Conclusion: the failure is in the V4L2 control-handler `validate_ctrls` for one of our four compound controls. Per-control validators (Finding 2) don't seem to fit since fields 110 use the same constants, but `error_idx` was hidden by the obfuscation rule.
## Finding 4 — `VIDIOC_TRY_EXT_CTRLS` is the diagnostic escape hatch
Per the kernel comment, `TRY_EXT_CTRLS` ALWAYS reports the specific failing control's index in `error_idx`, even when set=true would have hidden it. Path forward:
1. Amend our driver's Y2 instrumentation: on `VIDIOC_S_EXT_CTRLS` returning -EINVAL with `error_idx == num_controls`, **retry the same controls via `VIDIOC_TRY_EXT_CTRLS`** to extract the real failing index.
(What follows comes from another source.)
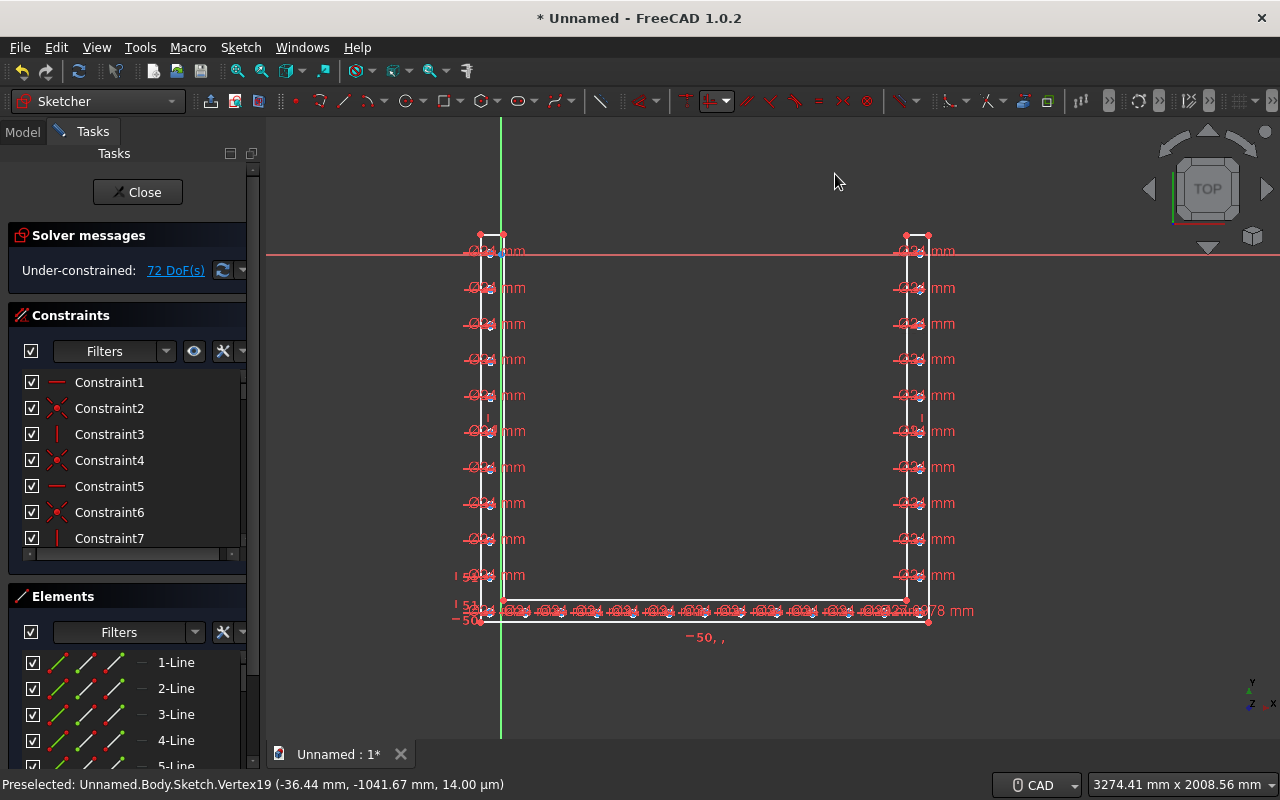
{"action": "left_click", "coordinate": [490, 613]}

2. Log the precise failing control + its raw fields.
3. From that, identify the specific field-value combination on frame 11 that the per-control validator rejects.
This is a one-liner in v4l2.c: add another `ioctl(video_fd, VIDIOC_TRY_EXT_CTRLS, &controls)` call inside the existing EINVAL diagnostic block, then log `controls.error_idx` from the TRY result.
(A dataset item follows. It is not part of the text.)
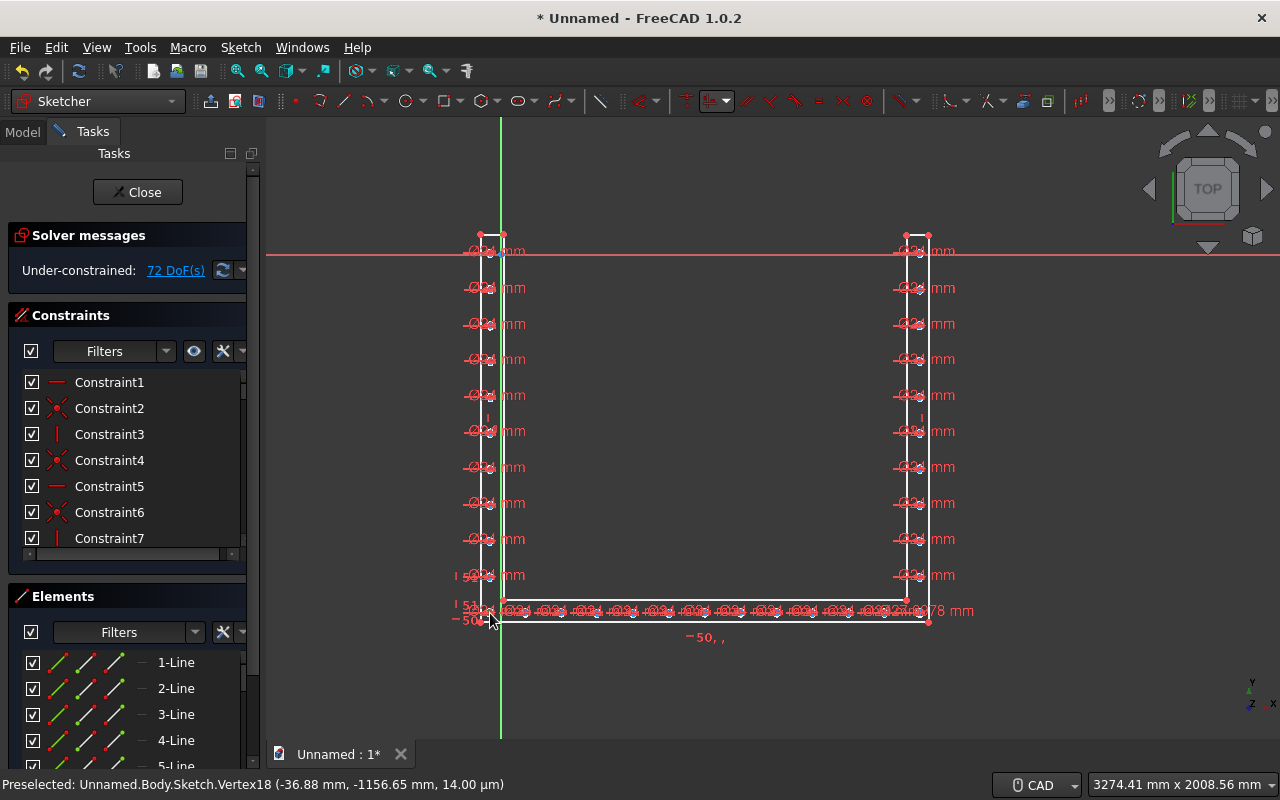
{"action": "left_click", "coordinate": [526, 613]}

## Implication for Phase 4
Phase 4's plan needs amendment: before any driver-side fix can be authored, we need the precise failing control + field. Steps:
1. Y2 v3: add TRY_EXT_CTRLS retry on S_EXT_CTRLS EINVAL.
2. Rebuild driver on ohm (~30 sec via meson+ninja).
3. Re-run autonomous Phase 7 (`/tmp/run_phase7_v2.sh`).
4. Read the new diagnostic — now naming the specific control.
5. Compare frame-11 field values vs frames 110 to localize the bad field.
6. Fix in driver. Most likely surfaces are: SPS field that wasn't properly latched after IDR, PPS field that flipped at frame 5, DECODE_PARAMS DPB entry with malformed `frame_num`/`pic_num`/`flags`.
Phase 3 (baseline anchor) is satisfied by iter3's Phase 7 run — same rig, same EINVAL, deterministic.
## Stop point
Phase 2 closed. Next: Phase 4 step 1 (Y2 v3 with TRY_EXT_CTRLS retry diagnostic). Phase 3 anchored from iter3. Per the "Stop only if user is needed" rule, no user input required to proceed — but this is a cycle of read→speculate→test that may take several iterations.